Moving back and forth between 1958 and 1985, the story tells
of seven children in a small Maine town who discover the
source of a series of horrifying murders. Having conquered
the evil force once, they are summoned together 27 years
later when the cycle begins again. As usual, the requisite
thrills are in abundance, and King's depiction of youngsters
is extraordinarily accurate and sympathetic. But there is
enough material in this epic for several novels and stories,
and the excessive length and numerous interrelated
flashbacks eventually become wearying and annoying.
Nevertheless, King is a born storyteller, and It will
undoubtedly be in high demand among his fans. BOMC main
selection. Eric W. Johnson, Univ. of Bridgeport Lib., Ct.
The New York Times Book Review - Walter Wager
Where did Stephen King, the most experienced crown
prince of darkness, go wrong with It? Almost everywhere.
Casting aside discipline, which is as important to a writer
as imagination and style, he has piled just about everything
he could think of into this book and too much of each thing
as well. . . .Determined to keep the shocks appearing every
20 pages or so, Mr. King has conscientiously spiced his
story with deadly flying leeches, an awful eye slightly
larger than a beer truck, a homicidal bird with the wingspan
of a jet fighter and other lethal lollapaloozas created by
the enormously powerful mind-bodyof It.
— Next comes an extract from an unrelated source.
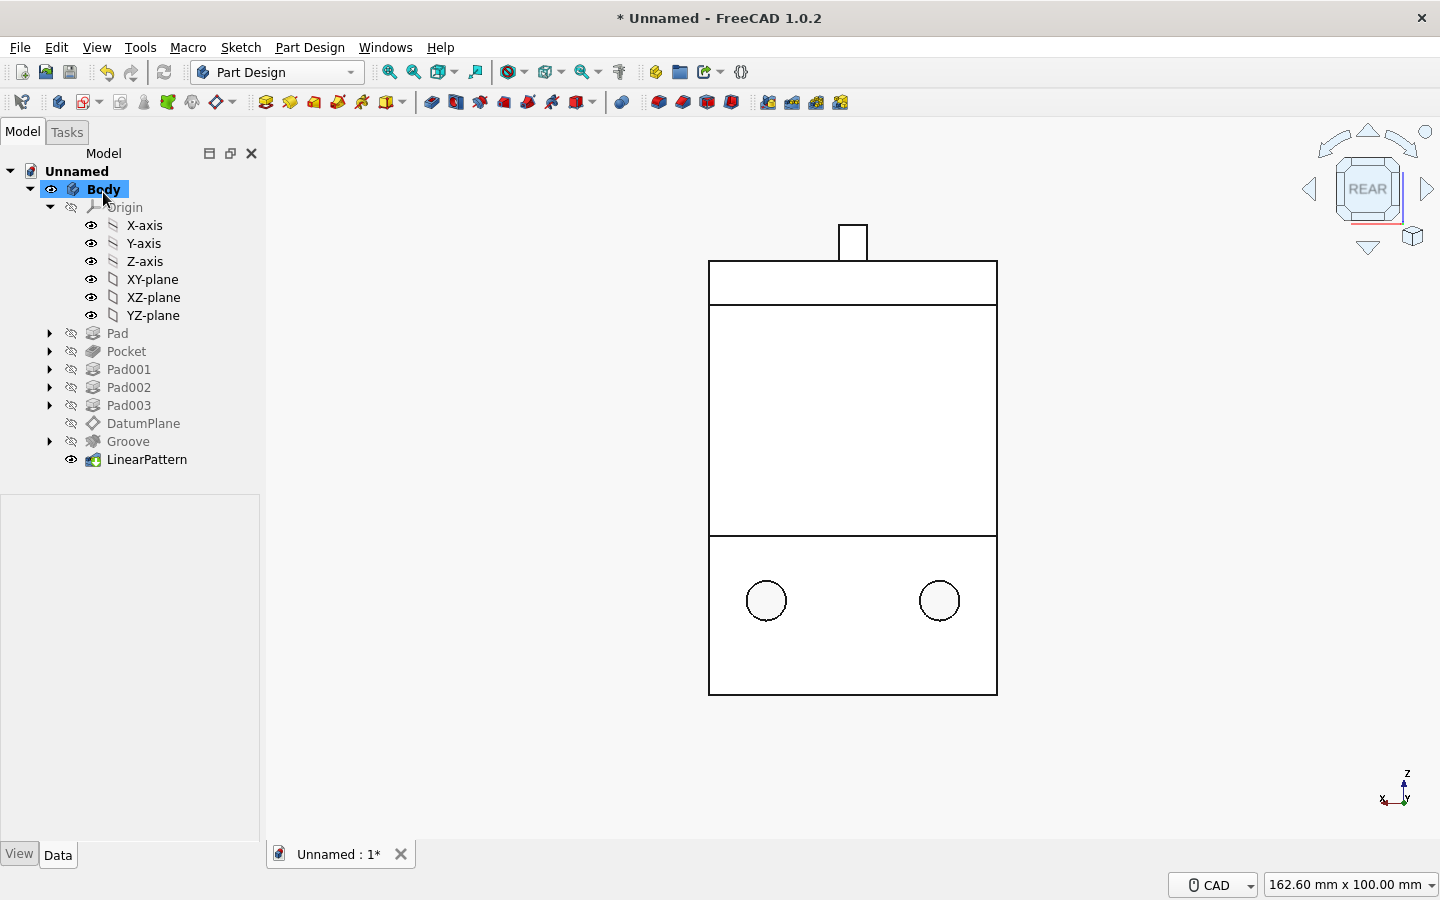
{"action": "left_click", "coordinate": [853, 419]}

The book is not
merely a bizarre bestiary, however. This ambitious novel is
a tale of the fundamental struggle between good and evil.
The Christian Science Monitor (Eastern edition) - Ron
Burnett
{This is} an impossibly long account of how a group of
children in Derry,Maine, battled, in 1958, the monster
('IT') only to discover that, in 1985, IT had somehow
returned. And so it seems must they for another grisly (in
every sense of the word) encounter. It is to gruesomeness
what the Sears Roebuck catalog is to things to buy. What's
available in depravity and perverse sexuality? Flip through
the Stephen King catalog and find out. The book has been
praised for its local color. King has been praised as a
Maine historian. Considering the color (red) and the history
(it's gross), I suspect that some Maine locals will wish
they had a different historian.
Newsweek
Stephen King's apparent desire to be a literary heavy
hitter weighs down his already elephantine new novel. . . .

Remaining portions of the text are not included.